Are you still leaving nothing but bones in the way?
Did you bury the carnival, with the lions and all?
Excuse me while I sharpen my nails
And just who are you, who are you this time?
You look rather tired, are you pretending to love?
Well, I hear that it pays well
How do your pistol and your Bible and your sleeping pills go?
Are you still jumping out of windows in expensive clothes?
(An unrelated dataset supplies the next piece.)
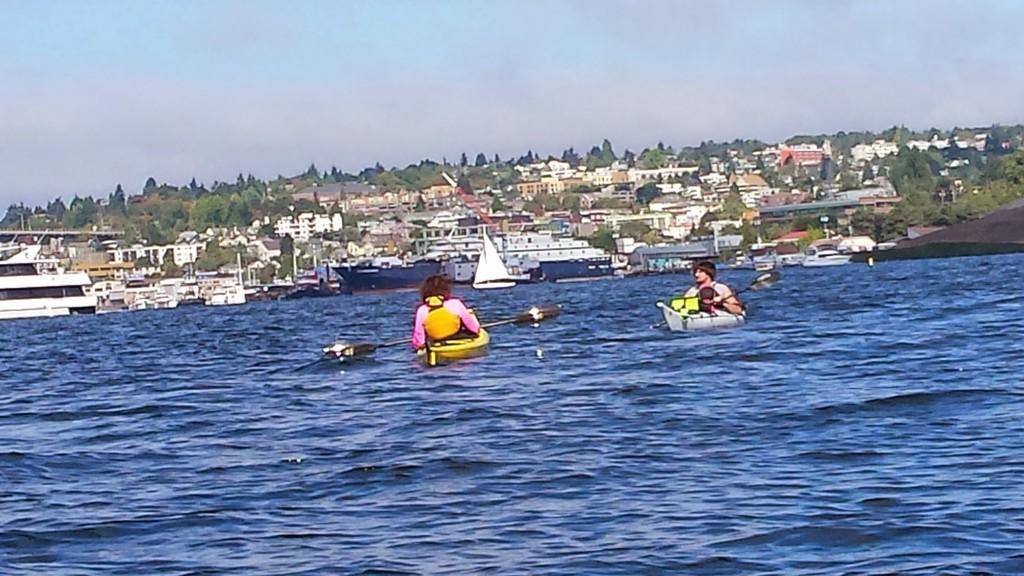How would you summarize this image in a sentence or two? In this image there are two persons floating on an individual boat, which is on the river. In the background there are buildings, trees and a sky.

Well, I fell in love with your sailor's mouth(6) and your wounded eyes
You better get down on the floor, don't you know this is war
Tell me, who are you this time?
Tell me, who are you this time?

(1) Who Are You?:
- Barney Hoskyns
(1999): You've said that you tend to bury directly autobiographical stuff. What about Who Are You? Should we know who that's about? Tom Waits: "Gee, I dunno. I think it's better if you don't. The stories behind most songs are less interesting than the songs themselves. So you say, "Hey, this is about Jackie Kennedy." And it's, "Oh, wow." Then you say, "No, I was just kidding, it's about Nancy Reagan." It's a different song now. In fact, all my songs are about Nancy Reagan." (Source: "Mojo interview with Tom Waits". Mojo: Barney Hoskyns. April 1999)
- Tom Waits (1992): "It's a cynical song; the kind of stuff you'd like to say to an old girlfriend at a party. Who are you this time? Are you still jumping out of windows in expensive clothes? A thing you'd like to say to anybody who maybe raked you over the coals." (Source: Bone Machine press kit, Rip Rense. Late 1992)
- Waits might be paying tribute to Bob Dylan's "Sad Eyed Lady Of The Lowlands" (Blonde on Blonde, 1966). Tom Waits (1991): "All of Bob Dylan's songs are carved from the bones of ghosts and have myth and vision . . . 'Desolation Row,' 'From a Buick 6,' 'Ballad in Plain D,' 'Restless Farewell,' 'Visions of Johanna,' 'Boots of Spanish Leather ,' 'Dark Eyes.'" For me, 'Sad-Eyed Lady of the Lowlands" is a grand song. It is like Beowulf and it 'takes me out to the meadow.' This song can make you leave home, work on the railroad or marry a Gypsy. I think of a drifter around a fire with a tin cup under a bridge remembering a woman's hair. The song is a dream, a riddle and a prayer." (Source: "The Impact Of Dylan's Music 'Widened the scope of possibilities', by Robert Hilburn. Los Angeles Times. May 19, 1991)
(2) To mad-dog: v. [1990s] (US Black/ prison) to stare at intensively and theateningly (cf. bad eye). [mad dog, such animals fix their targets with an unwavering, aggressive stare] (Source: "Cassell's Dictionary Of Slang". Jonathon Green. Cassel & Co., 1998. ISBN: 0-304-35167-9)
(3) Tilta whirl: A tilt-a-whirl is a standard American carnival ride. Riders are strapped to the inside of a cylindrical section, which spins at a high speed. The ride then is lifted up on a metal arm, and the whole thing tilts in different directions (Submitted by Russell Fischer. Raindogs Listserv discussion;ist. September, 2000)
(4) Leap in the dark: Thomas Hobbes is reported to have said on his death-bed, "Now am I about to take my last voyage- a great leap in the dark." Rabelais, in his last moments, said, "I am going to the Great Perhaps." Lord Derby, in 1868, applied the words, "We are about to take a leap in the dark," to the Reform Bill. (Source: "The First Hypertext Edition of The Dictionary of Phrase and Fable", E. Cobham Brewer. © 1997-99 Ltd)
(5) Ophelia: Could be refering to Shakespeare's Hamlet: Ophelia, daughter of Polonius the chamberlain. Hamlet fell in love with her, but after his interview with the Ghost, found it incompatible with his plans to marry her. Ophelia, thinking his "strange conduct" the effect of madness, becomes herself demented, and in her attempt to gather flowers is drowned. (Shakespeare: Hamlet) (Source: "The First Hypertext Edition of The Dictionary of Phrase and Fable", E. Cobham Brewer. © 1997-99 Ltd)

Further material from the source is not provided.